Capítulo 18 - Crybaby


- Dasha e Rayssa Turing?

Perguntou a balconista de cinquenta anos, lendo os nomes nas identidades falsas, erguendo uma de suas sobrancelhas feitas de lápis de olho. Ela usava uma roupa e maquiagem inspirada na Amy Winehouse (quer dizer, se a Amy Winehouse tivesse cinquenta anos e usasse maquiagem de baixa qualidade). Dei o meu melhor sorriso.

- Tudo bom...?- Olhei para o crachá na jaqueta vermelha da balconista- Amy?

- Amy- Confirmou ela- Amy Juicehouse.

Desculpa, mas eu ri.
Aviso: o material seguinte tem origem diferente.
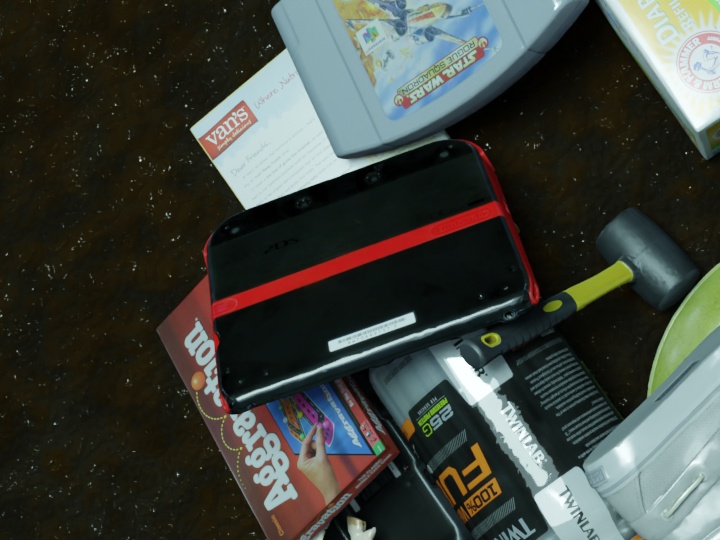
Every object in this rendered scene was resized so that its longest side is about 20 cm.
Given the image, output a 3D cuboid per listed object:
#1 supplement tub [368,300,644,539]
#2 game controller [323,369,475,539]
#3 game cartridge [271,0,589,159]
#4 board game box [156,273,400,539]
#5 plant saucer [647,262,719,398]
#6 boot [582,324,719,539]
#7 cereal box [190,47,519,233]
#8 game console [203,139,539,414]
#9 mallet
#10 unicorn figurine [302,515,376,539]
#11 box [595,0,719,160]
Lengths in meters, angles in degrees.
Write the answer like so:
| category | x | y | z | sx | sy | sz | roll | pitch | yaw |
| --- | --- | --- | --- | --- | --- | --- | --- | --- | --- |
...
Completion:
| category | x | y | z | sx | sy | sz | roll | pitch | yaw |
| --- | --- | --- | --- | --- | --- | --- | --- | --- | --- |
| supplement tub | 0.105 | 0.110 | 0.994 | 0.122 | 0.122 | 0.200 | -37 | 75 | 9 |
| game controller | 0.000 | 0.139 | 1.055 | 0.104 | 0.042 | 0.200 | -41 | 75 | 23 |
| game cartridge | 0.042 | -0.161 | 1.015 | 0.200 | 0.041 | 0.134 | -32 | 72 | 29 |
| board game box | -0.059 | 0.076 | 1.032 | 0.103 | 0.019 | 0.200 | -47 | 53 | 17 |
| plant saucer | 0.265 | 0.073 | 0.961 | 0.199 | 0.031 | 0.201 | -24 | 54 | 38 |
| boot | 0.229 | 0.086 | 0.924 | 0.200 | 0.074 | 0.096 | -42 | 89 | -8 |
| cereal box | -0.006 | -0.063 | 1.087 | 0.144 | 0.040 | 0.200 | -37 | 75 | 10 |
| game console | 0.000 | 0.000 | 0.982 | 0.199 | 0.031 | 0.177 | -20 | 40 | 5 |
| mallet | 0.139 | 0.024 | 0.972 | 0.066 | 0.200 | 0.041 | 41 | 135 | 15 |
| unicorn figurine | -0.013 | 0.226 | 0.999 | 0.199 | 0.074 | 0.138 | 11 | 79 | 48 |
| box | 0.209 | -0.186 | 1.008 | 0.112 | 0.101 | 0.201 | -34 | 76 | 9 |

Depois eu percebi que era sério.

- Poxa, mas que merda, hein?

Amy deu de ombros.

- Então, vocês são...?

Perguntou ela. Becky e eu falamos ao mesmo tempo.

- Primos.

- Casados.

Olhei para ela com o meu melhor olhar de filhona-acho-que-não-hein. Ela devolveu o olhar com uma expressão meio meme da Marina Joyce.

- Primos casados.

Respondi sorrindo. Ela balançou as identidades na direção de Hayato.

- E você é...?

- Filho- Respondi um pouco rápido demais- Nosso filho... anh... Ygor.

- Filho?

- É.

Amy olhou com um tédio quase ofensivo para mim.

- Ele é mais alto que você. E tem mais músculos que você.

A Bitch Face foi inevitável.

- Eles crescem tão rápido, não? Mais o papai aqui ainda vence.

Lee e Ariel (que pareciam meio transparentes) estavam sentados no balcão. Ariel até tentava ser discreto, agora Lee estava rindo tanto (mas sem fazer nenhum som, um riso silencioso) que estava corado. Eu acreditava que aquilo era algo dos anjos, ficar visível apenas para quem quisessem.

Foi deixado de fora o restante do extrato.